[Stored records]

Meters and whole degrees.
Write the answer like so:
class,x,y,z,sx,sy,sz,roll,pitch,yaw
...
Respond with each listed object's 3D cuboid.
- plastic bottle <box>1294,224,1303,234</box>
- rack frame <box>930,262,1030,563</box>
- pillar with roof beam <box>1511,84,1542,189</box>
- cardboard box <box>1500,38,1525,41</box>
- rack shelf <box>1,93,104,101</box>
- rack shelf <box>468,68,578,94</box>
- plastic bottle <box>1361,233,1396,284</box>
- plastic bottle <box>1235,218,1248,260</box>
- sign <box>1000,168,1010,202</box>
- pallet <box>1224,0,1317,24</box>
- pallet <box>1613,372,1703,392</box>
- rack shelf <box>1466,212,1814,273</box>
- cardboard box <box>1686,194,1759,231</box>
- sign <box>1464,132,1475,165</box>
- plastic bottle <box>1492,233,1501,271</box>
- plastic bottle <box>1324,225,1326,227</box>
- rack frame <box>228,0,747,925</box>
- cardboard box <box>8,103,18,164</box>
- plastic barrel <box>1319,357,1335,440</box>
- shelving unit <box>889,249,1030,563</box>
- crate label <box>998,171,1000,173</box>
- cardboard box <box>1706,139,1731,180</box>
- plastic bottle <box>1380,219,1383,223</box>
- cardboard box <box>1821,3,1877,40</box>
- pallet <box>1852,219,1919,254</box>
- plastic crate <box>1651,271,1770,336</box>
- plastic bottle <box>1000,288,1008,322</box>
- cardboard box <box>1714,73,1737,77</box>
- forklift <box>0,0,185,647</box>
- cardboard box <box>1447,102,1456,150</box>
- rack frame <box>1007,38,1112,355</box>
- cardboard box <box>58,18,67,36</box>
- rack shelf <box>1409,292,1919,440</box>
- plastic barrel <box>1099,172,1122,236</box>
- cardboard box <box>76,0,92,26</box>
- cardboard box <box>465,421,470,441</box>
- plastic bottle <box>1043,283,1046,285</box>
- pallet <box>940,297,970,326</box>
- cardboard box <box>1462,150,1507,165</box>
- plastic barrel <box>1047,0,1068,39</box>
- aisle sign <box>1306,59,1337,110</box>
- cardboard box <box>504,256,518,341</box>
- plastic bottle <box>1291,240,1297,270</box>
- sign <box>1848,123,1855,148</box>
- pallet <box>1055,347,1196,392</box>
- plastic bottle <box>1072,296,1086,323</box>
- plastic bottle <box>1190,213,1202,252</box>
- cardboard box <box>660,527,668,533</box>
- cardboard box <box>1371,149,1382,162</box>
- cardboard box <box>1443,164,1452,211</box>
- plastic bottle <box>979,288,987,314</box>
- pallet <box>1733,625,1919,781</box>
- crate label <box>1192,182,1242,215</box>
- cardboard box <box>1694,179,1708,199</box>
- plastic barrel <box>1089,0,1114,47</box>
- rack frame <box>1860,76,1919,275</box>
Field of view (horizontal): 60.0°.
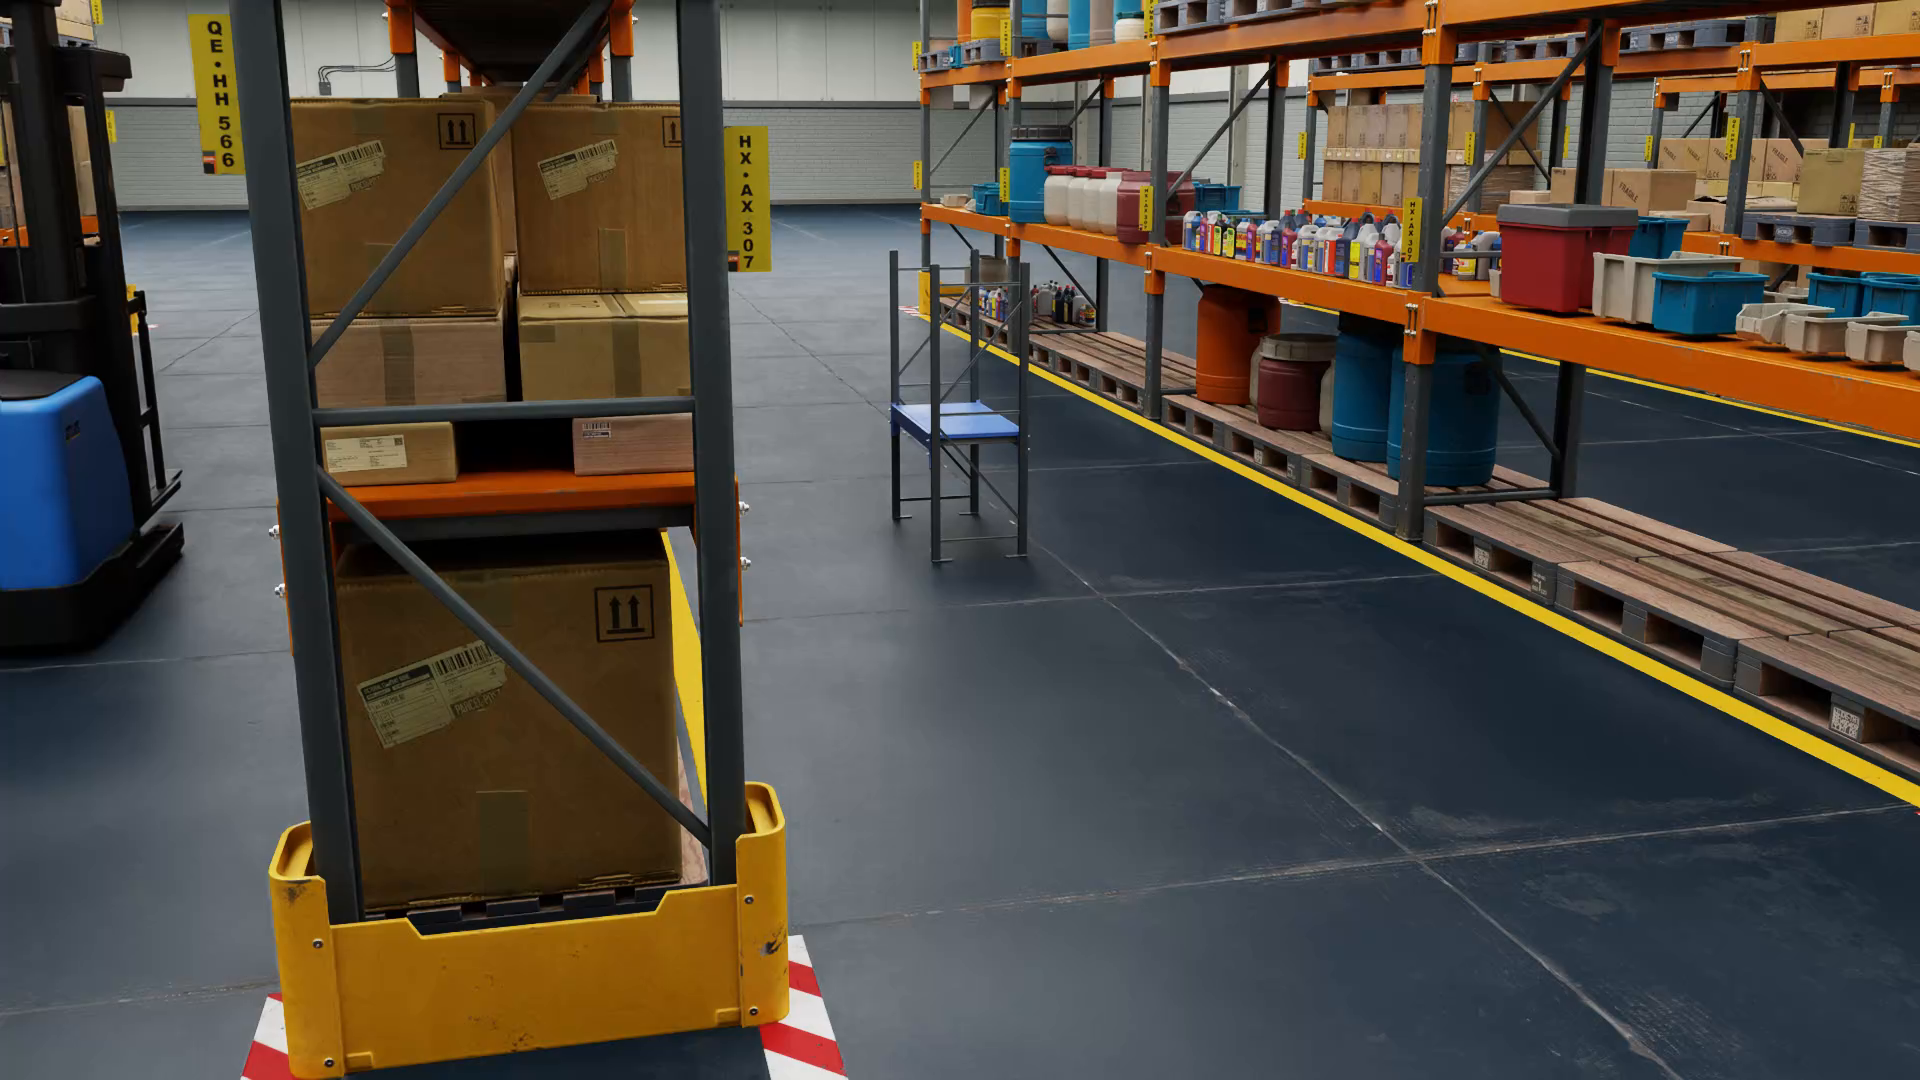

__About this task__
Throughout the records above, find the lines in which the word "pallet" appears and return them.

__Solution__
- pallet <box>1224,0,1317,24</box>
- pallet <box>1613,372,1703,392</box>
- pallet <box>1852,219,1919,254</box>
- pallet <box>940,297,970,326</box>
- pallet <box>1055,347,1196,392</box>
- pallet <box>1733,625,1919,781</box>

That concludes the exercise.